Competence and skills

  • Critically analyse, select, and selectively test/apply existing approaches towards a complex and relational understanding of environmental challenges and for designing for environmental care, drawing from multiple fields of study, and working at different scale levels.
  • Critically assess and synthesize varied types of and approaches to knowledge, which is a key competence required for designing sustainable environments.
  • Correctly cite and reference precedents (both projects, methods, and ideas) when synthesizing knowledge in a design project.
  • Evaluate the capacity of architectural/urban projects towards sustainable development and environmental care and for developing ways of responding to complex challenges through design.

Judgement and approach

  • Critically analyse opportunities and challenges of thinking about sustainable development through wider societal forces and perspectives and the implications for architectural, urban, and environmental design.
  • Evaluate and formulate their own societal and critical role as professionals vis-a-vis questions of sustainability, and reflect upon the possibility of becoming agents of change.

Content

In the course different perspectives on sustainable development are presented and discussed, and selectively tested, with a particular focus on wider societal perspectives.
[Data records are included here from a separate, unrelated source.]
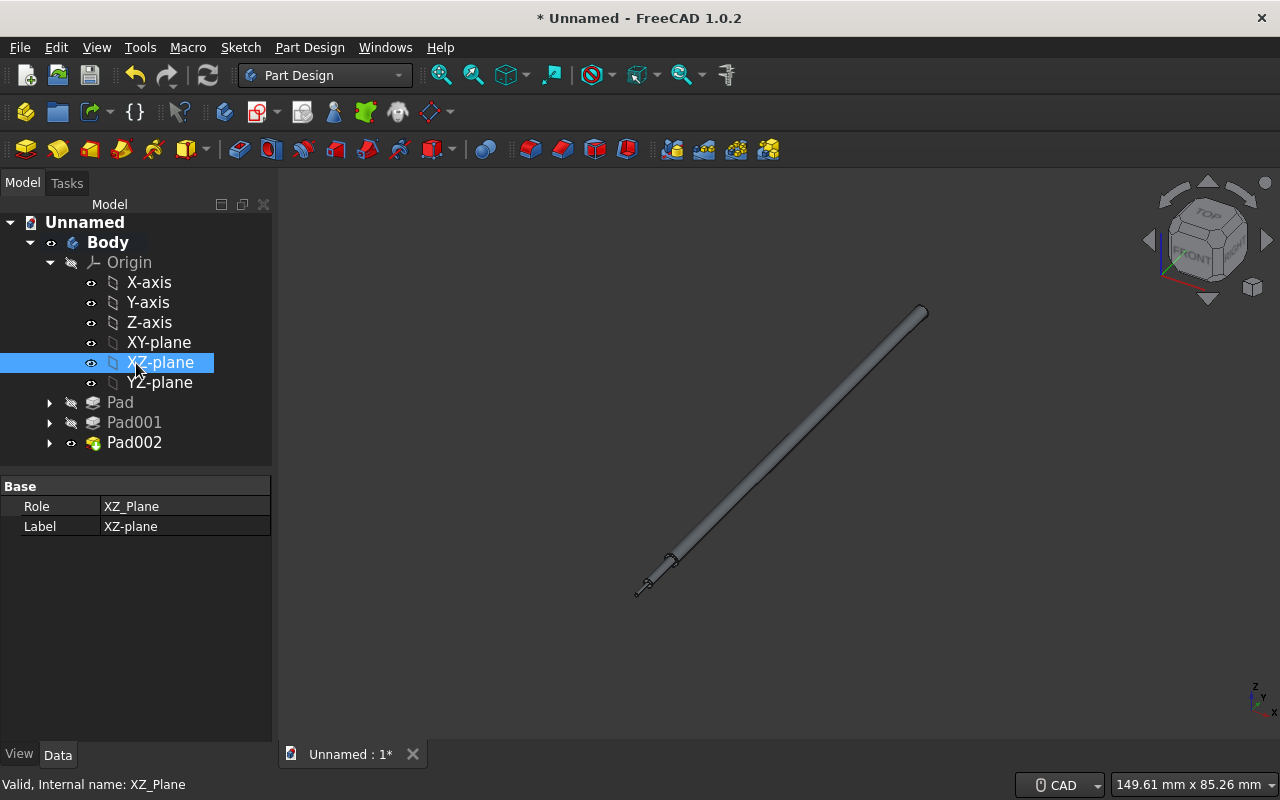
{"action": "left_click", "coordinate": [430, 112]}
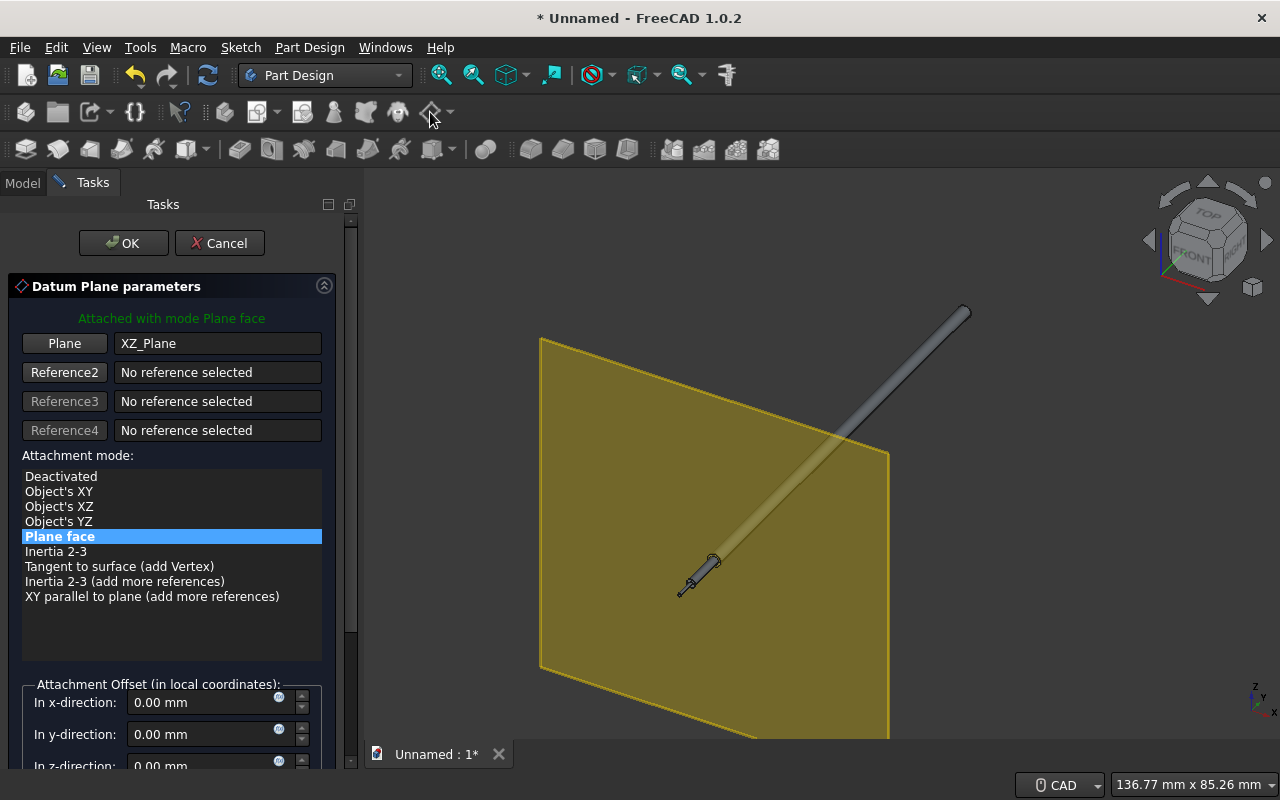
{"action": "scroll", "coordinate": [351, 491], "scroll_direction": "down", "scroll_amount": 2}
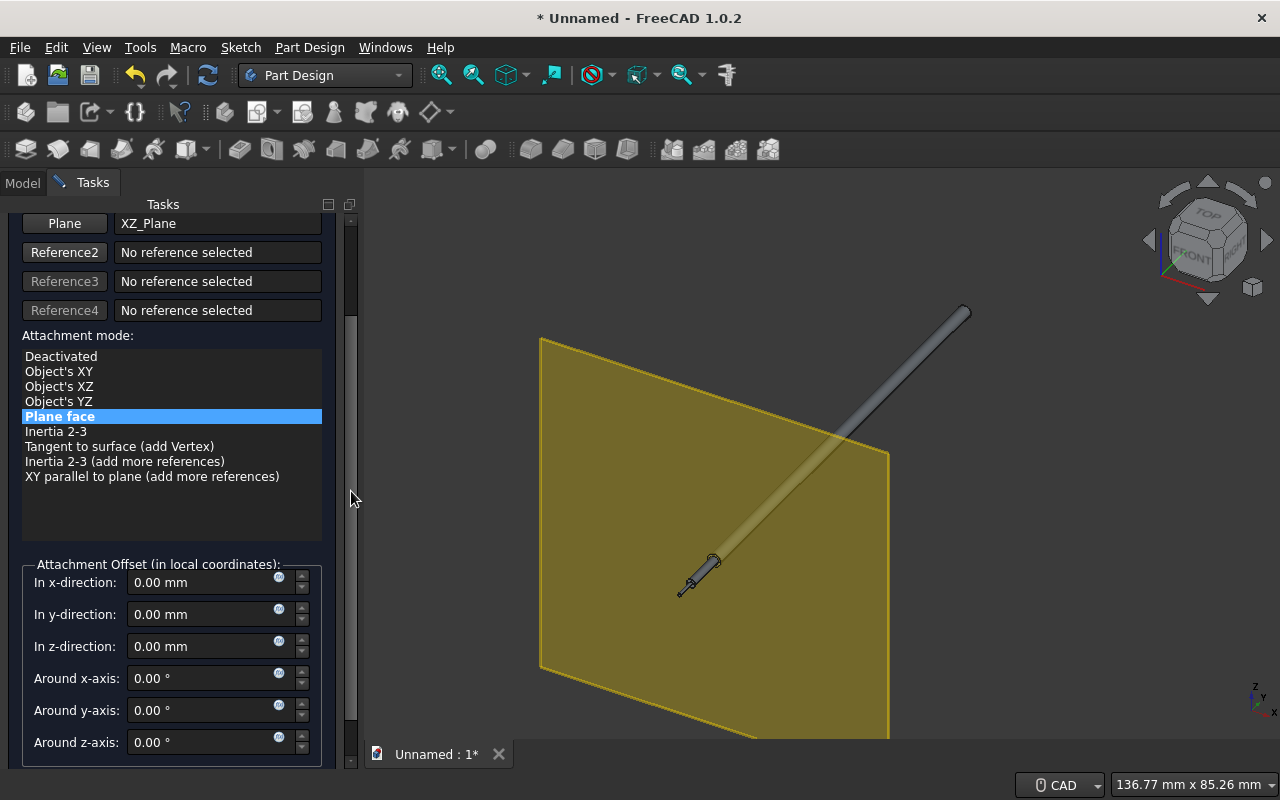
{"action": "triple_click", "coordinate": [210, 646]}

These can include, for example, collaborative learning and world-making, place-based analysis, multi-scalar sustainability, circular economy, planning for communities and social-environmental justice, relational and urban ecologies, and critical planetary care. The role of designers will consequently also be approached in a broader sense, including their capacity, in addition to providing sustainable designs, to generate critical awareness and imagine alternative futures through critical storytelling, novel imaginations for the future etc.

Organisation

The course comprises lectures, literature studies, seminars, and design exercises/testing.
The seminars are carried out in smaller groups. The course assignment is carried out on an individual basis.

Literature

A list of compulsory and reference literature/study material will be presented at the start of the course.

Examination including compulsory elements

To obtain a pass in this course the following requirements must be fulfilled.
  • Presence at scheduled lectures and films - 80 % at the minimum.
  • Active participation in seminars
  • Submission of course assignment in accordance with assigned criteria

The course examiner may assess individual students in other ways than what is stated above if there are special reasons for doing so, for example if a student has a decision from Chalmers on educational support due to disability.